Tricia Foster : Le groove dans la gorge
Musique

Tricia Foster : Le groove dans la gorge

Nouvel album, nouveau look pour la Franco-Ontarienne Tricia Foster. La Tricia contestataire d’il y a quatre ans était affublée d’un tutu, de bottes de cuir et d’un crâne rasé. Ce sera dans une robe de nuit que sa "version 2012" présentera Négligée, un album qui en dévoile plus sur l’artiste qu’elle-même ne saurait l’imaginer.

Avis: au fil des prochaines semaines, l’auteure-compositrice franco-ontarienne Tricia Foster et sa Cécile, sa femme depuis sept ans, se débarrasseront de leurs biens matériels, sofa et appareils électriques inclus. Tout y passera. Elles feront table rase d’un confort palpable qui les a pourtant séduites au fil des années. Tricia, rencontrée au Raw Sugar Café rue Somerset, explique cette volte-face: "Je veux vivre dans une fourgonnette pendant deux ans. Ça fait 10 ans que je suis dans le même appart à Montréal; je trouve ça lourd. Je me suis dit "Fuck it". Je donne tout. Je veux juste me retrouver avec ma boîte de CD et de vinyles que je vais vendre en show, une valise, un livre que je lis à la fois. Je vais vivre dans ma fourgonnette et je vais sous-louer dans différentes villes quand ça va me tenter."

Ce rejet total des conventions sociales mis de l’avant par Foster, il se voit cristallisé dans les tripes de Négligée, oeuvre qui fait un pied de nez aux précédents Commerciale (2008) et Tricia Foster 412 (2004). "C’est dark, c’est sale… Tsé, le son, c’est autre chose complètement", dira l’interprète à son sujet.

Incubées en très peu de temps – "tout au plus trois semaines", assure-t-elle -, les pièces qui forment Négligée portent la signature esthétique du musicien post-rock ottavien Olivier Fairfield (Ferrishweel, FET.NAT.), qui a réalisé et coécrit la majorité des pièces de l’album avec Foster. Une forme disloquée, résolument post-rock, trahissant dès les premières notes de M. le Temps, premier simple radio, les propensions free jazz, alternatives et trip-hop du duo. "Je savais que je devais changer de direction. Je voulais vivre quelque chose d’autre. C’est à cause d’Olivier que je joue de la bass. Ce gars-là a une saleté et il savait que mon côté trash ressemblait à ça."

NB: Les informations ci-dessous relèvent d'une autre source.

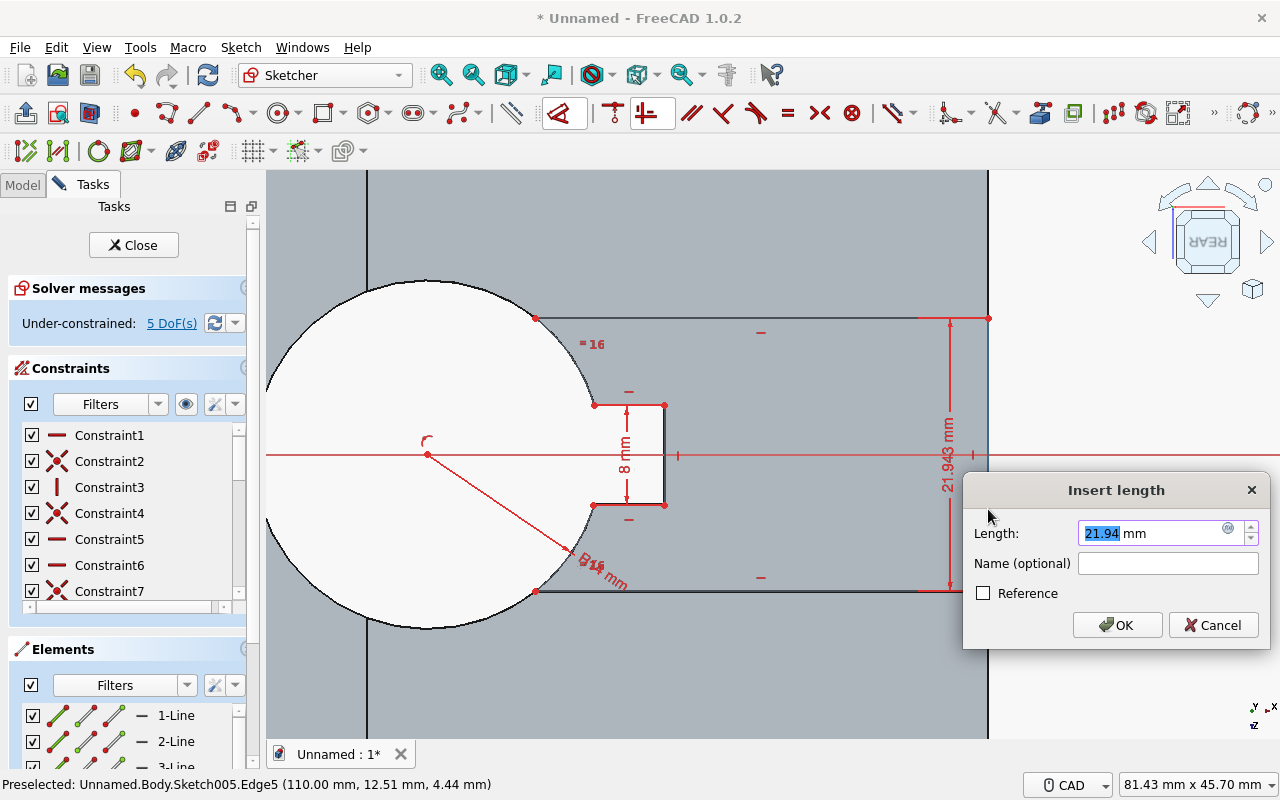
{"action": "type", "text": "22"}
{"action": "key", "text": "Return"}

Si l’amitié entre Fairfield et Foster ne date pas d’hier – ils se sont connus à l’école secondaire De La Salle, oeuvraient dans le même programme spécial de musique -, la collaboration entre les deux musiciens s’est matérialisée pour la première fois au Cabaret poéZique du Salon du livre de l’Outaouais en 2011, spectacle qui exhortait les créateurs invités à mettre en musique des écrits de plumes franco-ontariennes. De cette fusion féconde est née D’éclats de peines, adaptée d’un poème de Brigitte Haentjens. "Je sentais que j’avais une affinité particulière avec ce texte. J’ai écrit un courriel à Brigitte, lui demandant si je pouvais l’enregistrer. Elle m’a dit: "Pas de trouble"", se rappelle la chanteuse.

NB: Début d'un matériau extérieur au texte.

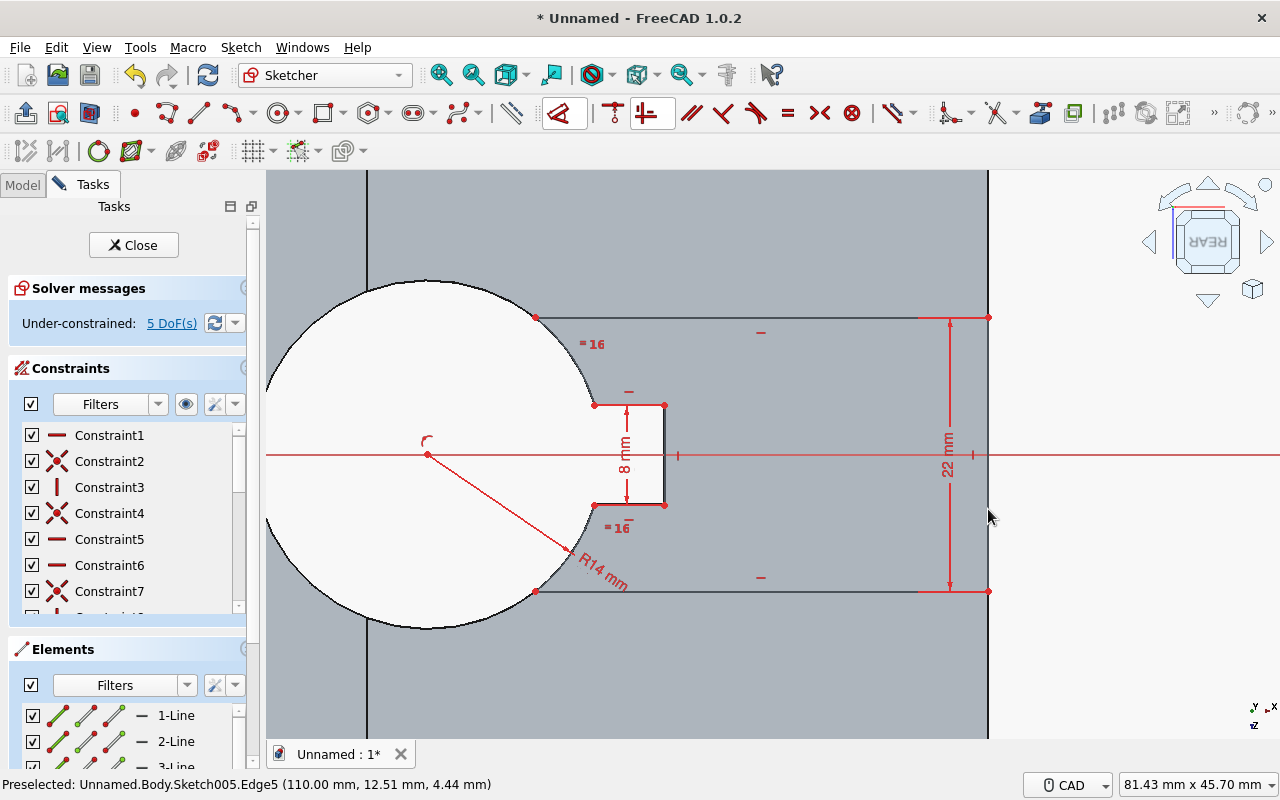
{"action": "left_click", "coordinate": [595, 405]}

Fruit de trois années à sillonner le Canada, Négligée fait état d’un examen détaillé de l’âme d’une femme aux prises avec un syndrome immense de crise identitaire. "J’pense que j’ai parcouru le Canada trois fois en trois ans. À vivre dans un char tout ce temps-là, tu vis nécessairement des affaires intenses. Quand tu sors de ta zone de confort, tu découvres jusqu’où tu es prête à aller. I didn’t fight it."

Ainsi, les mots de Négligée prennent de l’ampleur, perdent de la lourdeur juvénile dont les albums précédents étaient affublés, et ce, même si Foster n’a jamais autant chanté à la première personne. "On m’a souvent dit que les artistes écrivent leurs premiers albums à propos d’eux-mêmes, puis s’ouvrent sur le monde. Moi, j’ai commencé en racontant des histoires sur le monde qui m’entoure. J’étais militante – l’environnement, les femmes, la société -, donc j’ai rien écrit à propos de moi-même. J’assumais pas qui j’étais."

Elle conclut: "Y a ben des fois où quand je faussais, on décidait de garder la prise. Négligée, c’est pour plein de trucs: j’ai négligé ma santé, mon couple… Je pense que la société ne veut pas que je fasse ce que je suis en train de faire: lancer un album comme celui-là, rejeter les conventions matérialistes. Life is too short pour faire semblant. Voilà où j’en suis."